### Records
________

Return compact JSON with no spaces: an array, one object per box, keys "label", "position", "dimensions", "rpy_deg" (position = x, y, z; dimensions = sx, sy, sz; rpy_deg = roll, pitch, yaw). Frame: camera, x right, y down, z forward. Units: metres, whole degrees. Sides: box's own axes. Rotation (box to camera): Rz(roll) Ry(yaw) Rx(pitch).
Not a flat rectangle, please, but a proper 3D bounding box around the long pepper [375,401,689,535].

________

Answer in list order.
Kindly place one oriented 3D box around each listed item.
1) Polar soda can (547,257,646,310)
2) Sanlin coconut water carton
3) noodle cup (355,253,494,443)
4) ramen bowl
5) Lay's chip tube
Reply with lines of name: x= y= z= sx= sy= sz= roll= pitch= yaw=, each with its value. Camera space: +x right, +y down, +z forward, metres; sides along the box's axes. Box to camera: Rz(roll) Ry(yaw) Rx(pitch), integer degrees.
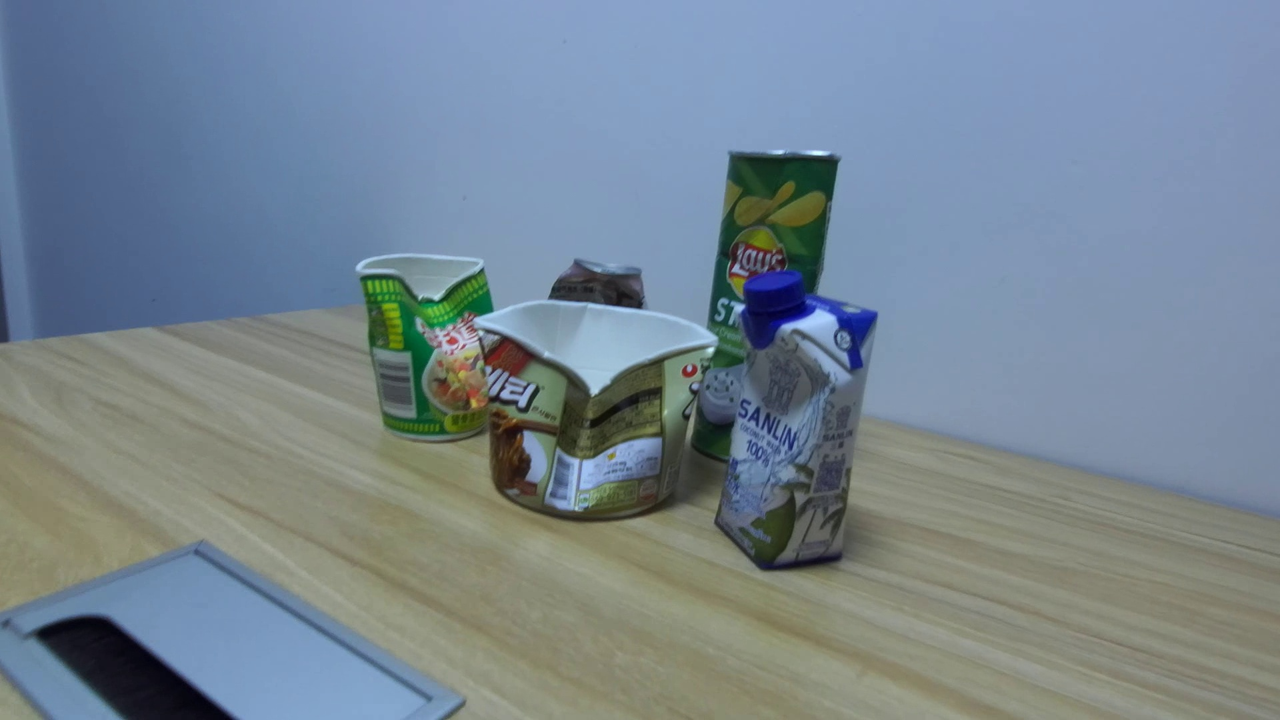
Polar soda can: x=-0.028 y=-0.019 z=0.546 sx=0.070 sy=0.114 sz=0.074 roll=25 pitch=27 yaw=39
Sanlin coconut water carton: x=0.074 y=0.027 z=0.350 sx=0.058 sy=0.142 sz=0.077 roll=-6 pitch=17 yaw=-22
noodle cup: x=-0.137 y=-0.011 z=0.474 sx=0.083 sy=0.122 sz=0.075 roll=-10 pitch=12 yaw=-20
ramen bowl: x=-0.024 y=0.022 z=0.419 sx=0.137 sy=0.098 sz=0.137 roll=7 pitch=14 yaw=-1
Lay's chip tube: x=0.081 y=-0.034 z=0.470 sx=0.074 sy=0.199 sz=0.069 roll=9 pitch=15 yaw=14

________

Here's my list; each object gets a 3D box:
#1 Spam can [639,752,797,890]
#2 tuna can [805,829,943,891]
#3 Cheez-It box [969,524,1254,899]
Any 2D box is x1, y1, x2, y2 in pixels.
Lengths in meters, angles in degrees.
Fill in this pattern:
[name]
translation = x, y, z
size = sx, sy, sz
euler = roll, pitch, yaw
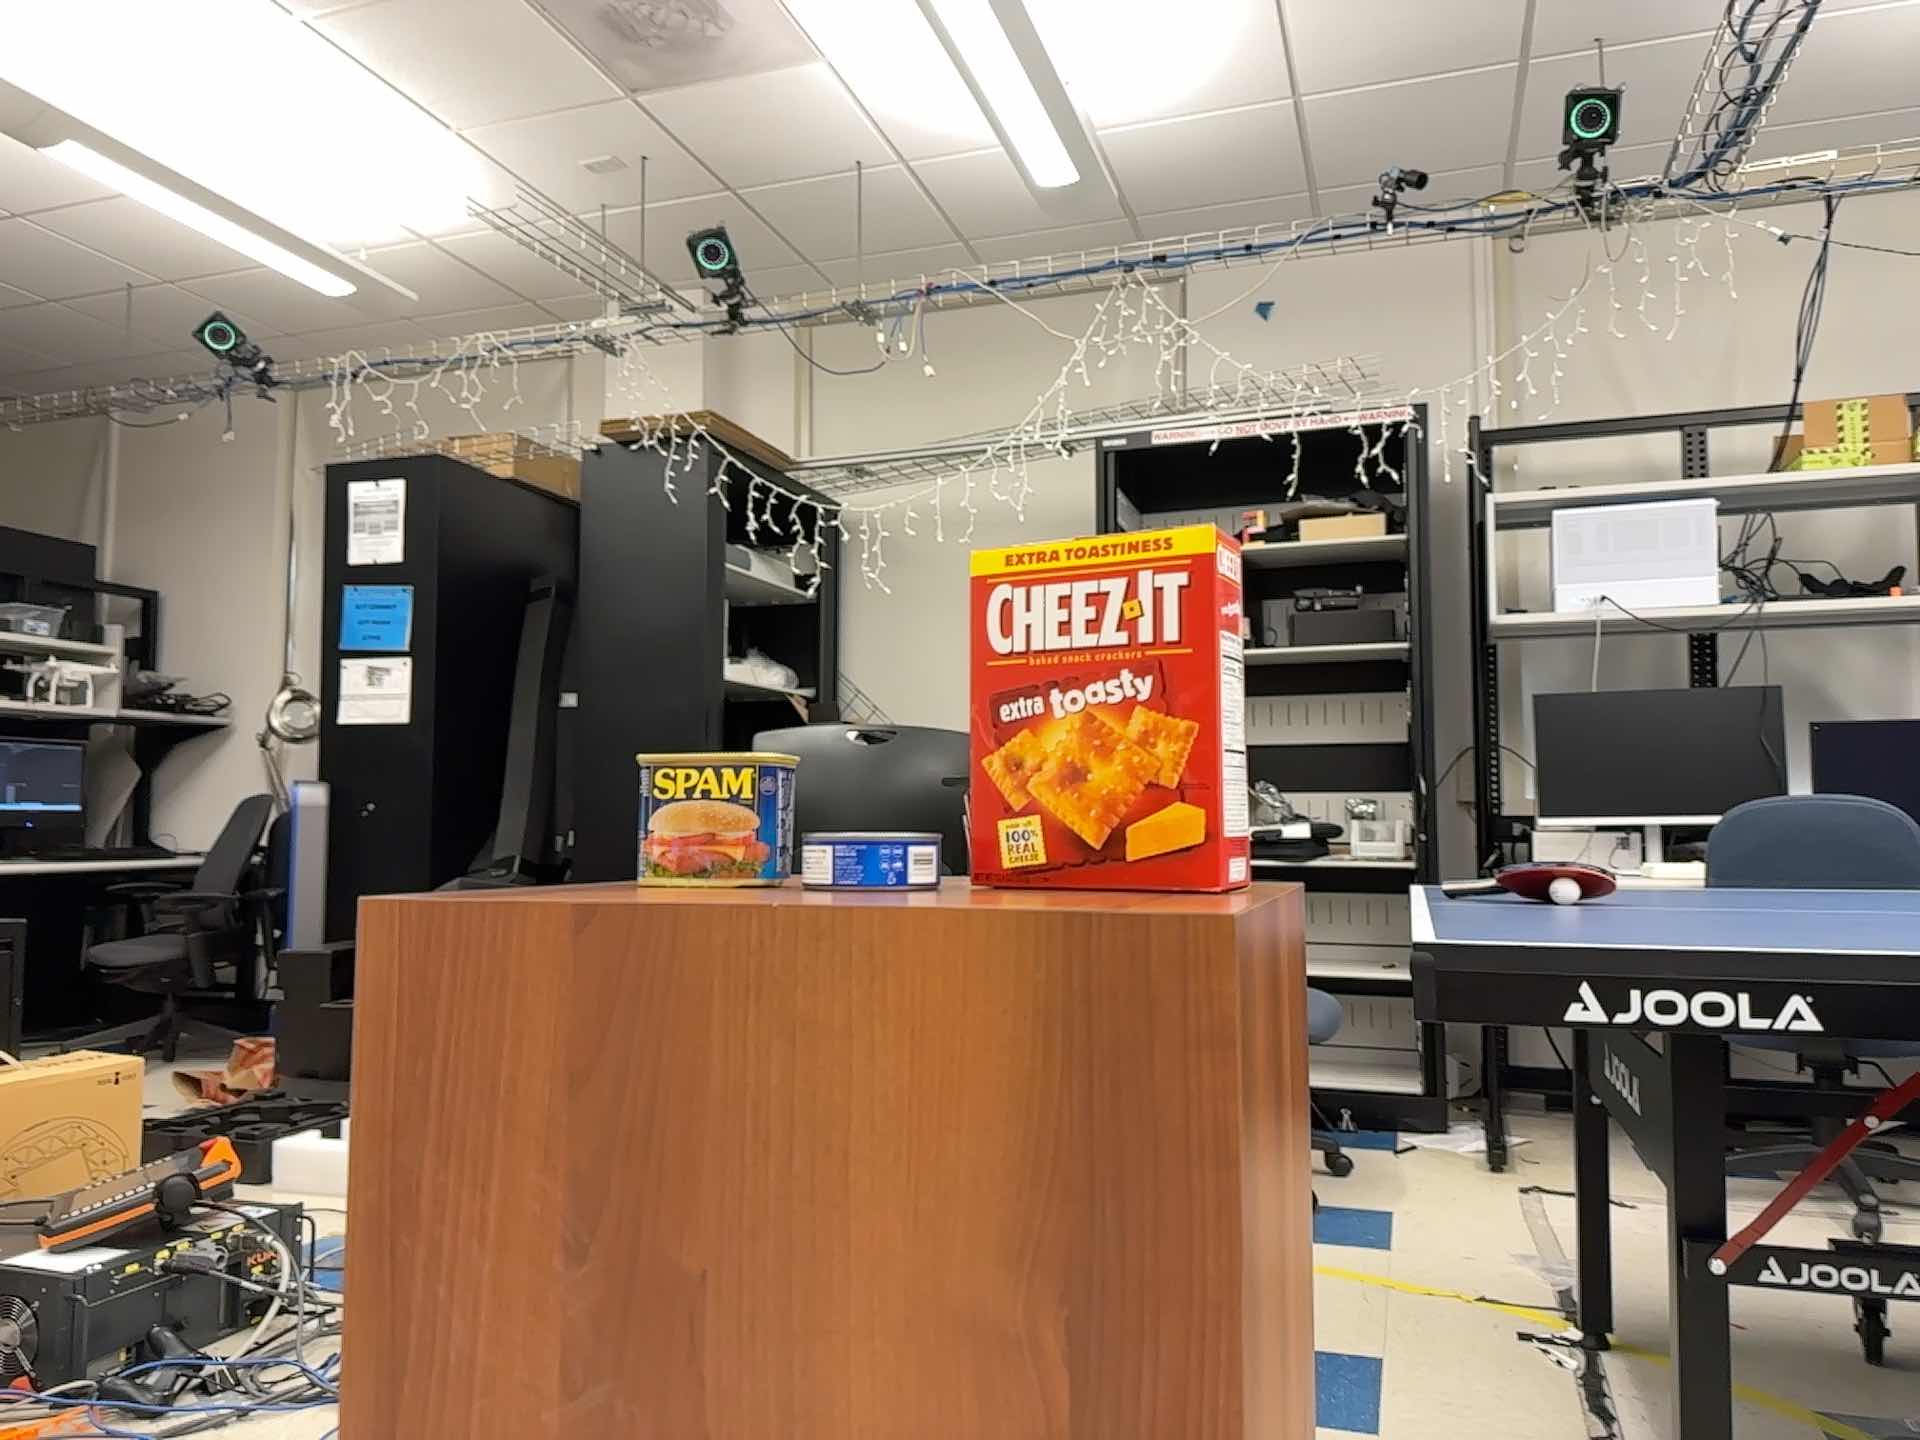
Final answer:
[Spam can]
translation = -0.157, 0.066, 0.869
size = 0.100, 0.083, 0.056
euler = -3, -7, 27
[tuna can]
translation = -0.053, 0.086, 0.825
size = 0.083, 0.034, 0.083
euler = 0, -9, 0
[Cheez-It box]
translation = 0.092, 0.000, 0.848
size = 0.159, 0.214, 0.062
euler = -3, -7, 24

________

The lines to return are those in the entries above that include "around".

### Response to this task
Not a flat rectangle, please, but a proper 3D bounding box around the long pepper [375,401,689,535].
Kindly place one oriented 3D box around each listed item.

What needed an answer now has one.